“In most data centers, 80 percent or more of stored data hasn't been accessed in more than a year. Tighten that time frame up, and we find 95 percent of data has not been accessed in the last 90 days.”
Those somewhat bracing statistics come from George Crump, president of Storage Switzerland, an IT analyst firm, in a recent commentary in which he discusses how the reality of data use should impact storage strategies.
For starters, he notes, it’s important for IT managers to realize that archiving data to secondary storage doesn’t mean it won’t be readily accessible. On the contrary, he says, archived data can be retrieved almost as quickly as primary data because there aren’t as many demands on archive storage tiers.
Granted, such use will vary from sector to sector, but Crump points out that “primary storage is responding to hundreds, if not hundreds of thousands, of recall requests per second, while an archive typically responds to one or two per hour. Archives are usually busier dealing with inbound write traffic than old data being accessed. With less I/Os to respond to, disk-based archive storage can respond to individual requests almost as fast as primary storage.”
Next, he says, a “logical enterprise data archiving strategy is to archive data on an as-needed basis -- typically, as those primary systems come off of maintenance, have reached end of life or are full to the point that more capacity or another primary storage system must be purchased. You'll want to know how much of the data on that array can be archived. With that information, you should buy just that amount of storage from your archive vendor, enabling you to put off the purchase of a primary storage system or to run a much smaller high-performance storage system.”
Of course, Crump says, if an aggressive enterprise data archiving strategy is followed, then IT managers should prepare for more frequent data recalls from users. The key is to “make sure most of those recalls can occur without IT interruption.

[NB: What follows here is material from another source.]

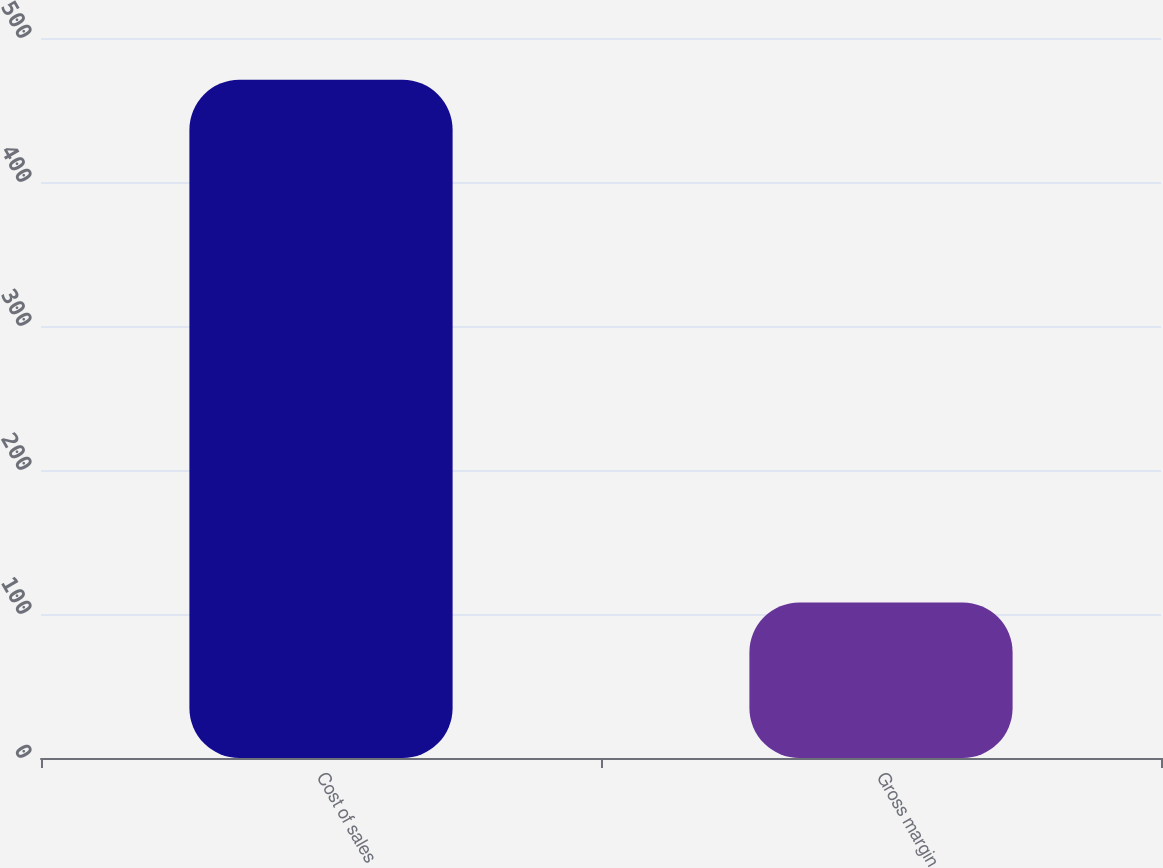Convert chart to OTSL. <chart><loc_0><loc_0><loc_500><loc_500><bar_chart><fcel>Cost of sales<fcel>Gross margin<nl><fcel>471<fcel>108<nl></chart>

That means you need to select software that can set transparent links between where the file used to be and where it is on the archive. It's also important to remember the archive might be multistep, on-premises disk to tape or on-premises disk to the cloud, which means that these links must be updated with the file location each time it moves to another storage device.”
Finally, Crump points out that archiving is something that should be looked at as a storage diet that's done every so often. Instead, he says, “it’s an organizational change that occurs gradually and, once fully applied, never stops.”